A calculus of the absurd

22.4.2 The matrix representation of a linear transformation

The best way to understand this is to do a lot of examples, with specific linear transformations and vector spaces. It’s easy to get lost, sinking, “not waving but drowning” in the steaming soup of generality.
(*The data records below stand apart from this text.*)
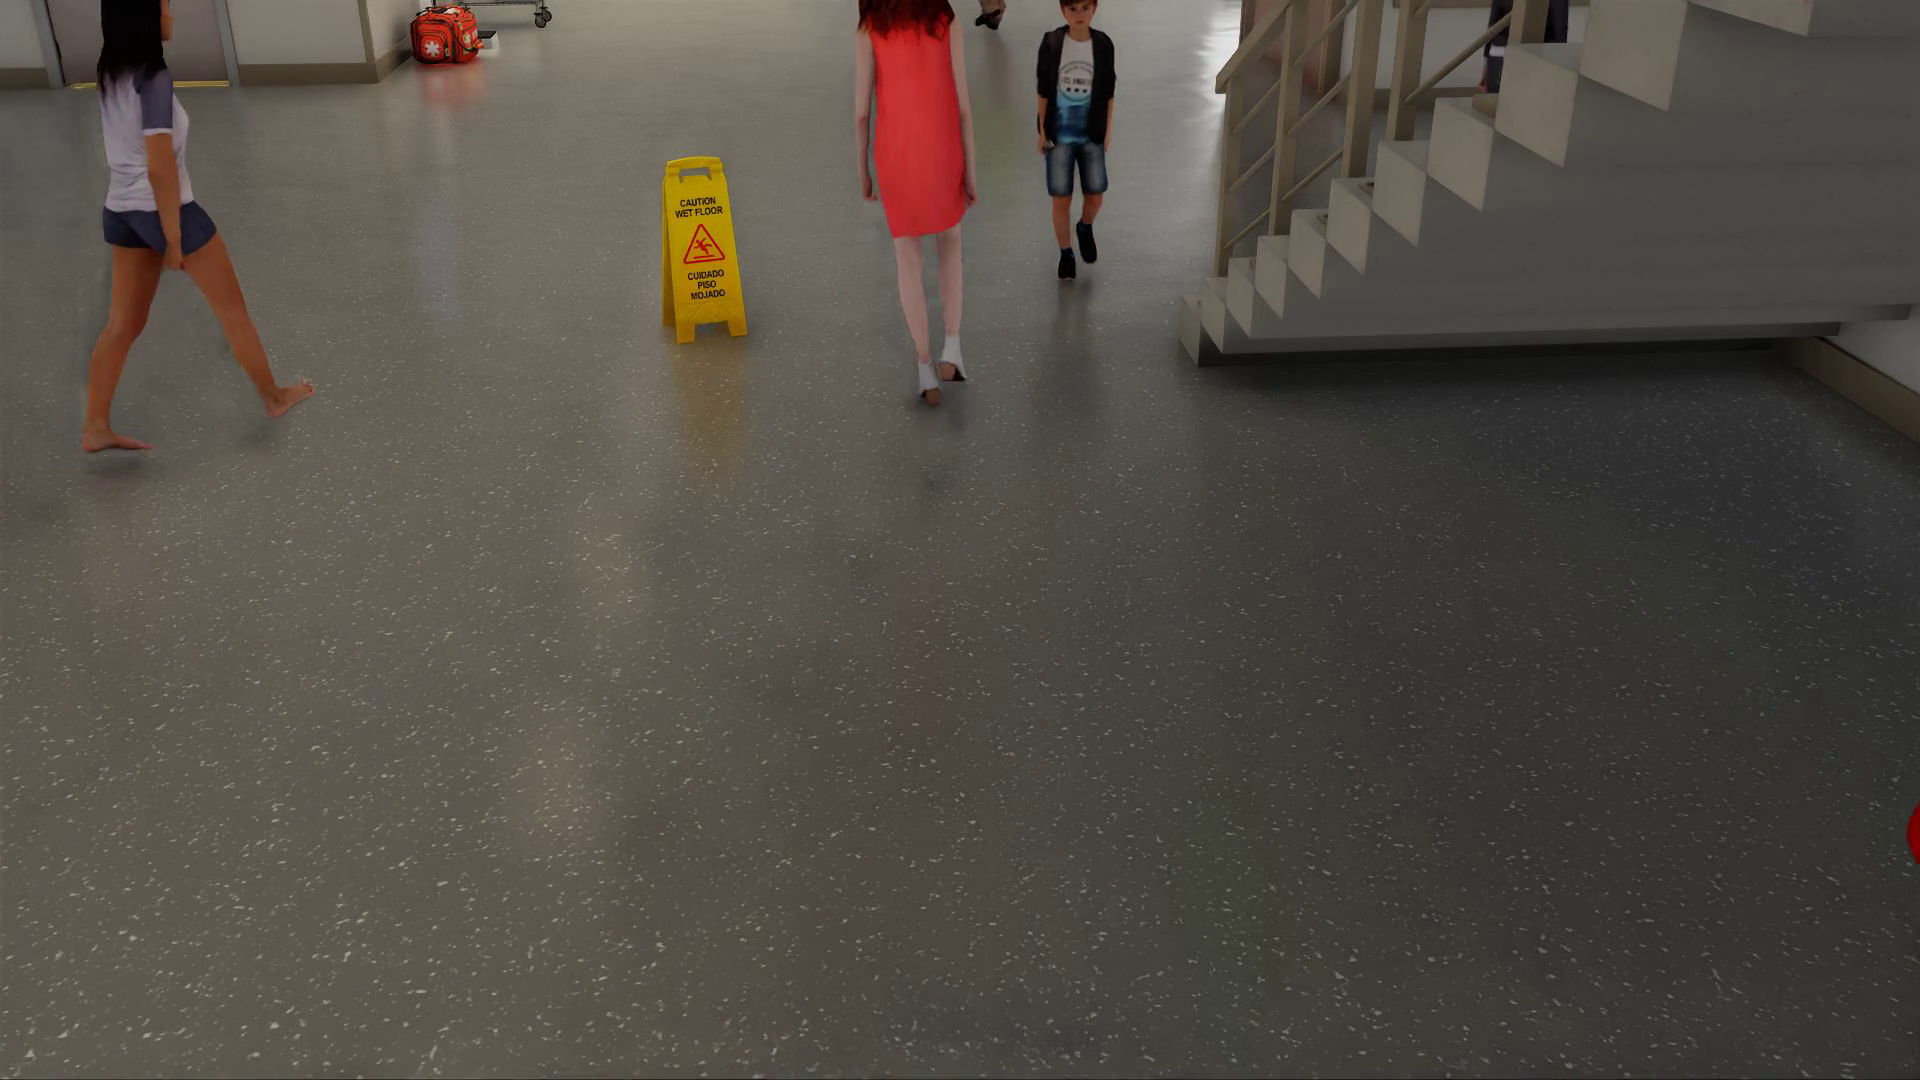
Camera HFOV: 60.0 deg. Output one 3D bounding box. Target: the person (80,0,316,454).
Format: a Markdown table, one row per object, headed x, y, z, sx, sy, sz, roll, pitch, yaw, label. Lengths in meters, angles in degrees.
| x | y | z | sx | sy | sz | roll | pitch | yaw | label |
| --- | --- | --- | --- | --- | --- | --- | --- | --- | --- |
| -2.945 | -1.102 | 5.950 | 1.056 | 1.681 | 1.161 | 20 | 32 | 35 | person |

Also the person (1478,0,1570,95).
| x | y | z | sx | sy | sz | roll | pitch | yaw | label |
| --- | --- | --- | --- | --- | --- | --- | --- | --- | --- |
| 2.822 | -2.305 | 8.361 | 0.932 | 1.753 | 0.779 | -12 | 28 | -24 | person |

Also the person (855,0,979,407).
| x | y | z | sx | sy | sz | roll | pitch | yaw | label |
| --- | --- | --- | --- | --- | --- | --- | --- | --- | --- |
| -0.160 | -1.359 | 6.336 | 0.610 | 1.808 | 0.578 | -1 | 26 | -2 | person |

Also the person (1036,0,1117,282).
| x | y | z | sx | sy | sz | roll | pitch | yaw | label |
| --- | --- | --- | --- | --- | --- | --- | --- | --- | --- |
| 0.552 | -1.993 | 8.083 | 0.562 | 1.434 | 0.662 | 0 | 26 | 0 | person |

As they don’t say, a little reification ¹³⁵¹³⁵ Meaning turning something abstract into something concrete. every day keeps the doctor away.

Let’s assume that we have a linear transformation $T: V \to W$, and we would like to find its matrix representation. It’s really easy to get confused here, but don’t lose sight of the goal. We need some information about $V$ and $W$, specifically

• A basis for $V$, denoted as $\mathcal {B} = \{\beta _i\}_{1 \leqq i \leqq n}$.
• A basis for $W$, denoted as $\mathcal {C} = \{\gamma _i\}_{1 \leqq i \leqq m}$.

We then pick an arbitrary vector, $\mathbf {v} \in V$, and finds its representation as a linear combination of $\beta $, that is we find

\begin{equation} \mathbf {v} = \sum _{1 \leqq i \leqq n} v_i b_i \end{equation}

But we’re not after $\mathbf {v}$, we’re after $T(\mathbf {v})$! Therefore, we apply $T$ to both sides, giving

\begin{align} T(\mathbf {v}) &= T\left (\sum _{1 \leqq j \leqq n} v_j \beta _j\right ) \\ \end{align}

We now use liberally the fact that $T$ is linear.

\begin{align} T(\mathbf {v}) &= \sum _{1 \leqq j \leqq n} v_j T(\beta _j) \end{align}

We’re not dealing with a concrete linear transformation, so “all” we can say is that for each $i$, $T(\beta _j)$ will give us a vector in $W$ and that we can certainly write this as a linear combination of $\mathcal {C}$, as it is a basis for $W$. Every $T(\beta _j)$ is a linear combination of the $m$ vectors in $\mathcal {C}$, i.e. $T(\beta _j) = \sum _{1 \leqq i \leqq m} \left (a_{i,j}\right ) \gamma _i$. Substituting this in, we get

\begin{align} T(\mathbf {v}) &= \sum _{1 \leqq j \leqq n} v_j \left (\sum _{1 \leqq i \leqq m} a_{i,j} \gamma _i\right ) \\ &= \sum _{1 \leqq i \leqq m} \gamma _i \left (\sum _{1 \leqq j \leqq n} a_{i, j} v_j\right ) \\ &= \sum _{1 \leqq i \leqq m} \left (\sum _{1 \leqq j \leqq n} a_{i, j} v_j\right ) \gamma _i \end{align}

Now, from the definition of a co-ordinate vector, as $\gamma _1, ..., \gamma _m$ are the basis vectors for $\mathcal {C}$, the representation of $T(v)$ as a co-ordinate vector in this basis is just

\begin{align} [T(v)]_{\mathcal {C}} &= \begin{pmatrix} \sum _{1 \leqq j \leqq n} a_{1, j} v_j \\ \sum _{1 \leqq j \leqq n} a_{2, j} v_j \\ ... \\ \sum _{1 \leqq j \leqq n} a_{m, j} v_j \\ \end {pmatrix} \\ &= \underbrace { \begin{pmatrix} a_{1, 1} & a_{1, 2} & ... & a_{1, n} \\ a_{2, 1} & a_{2, 2} & ... & a_{2, n} \\ ... & ... & ... & ... \\ a_{m, 1} & a_{1, 2} & ... & a_{1, n} \end {pmatrix} }_{\text {Let this be $\mathbf {A}$.}} \begin{pmatrix} v_1 \\ v_2 \\ ... \\ v_3 \end {pmatrix} \label {where we defined A} \end{align}

Which is exactly what we wanted to find. Specifically, the $j$th column of the matrix $\mathbf {A}$ (as defined in Equation 22.123) is the co-ordinate vector (in the ordered base $\mathcal {C}$) of the result of $T(\beta _j)$.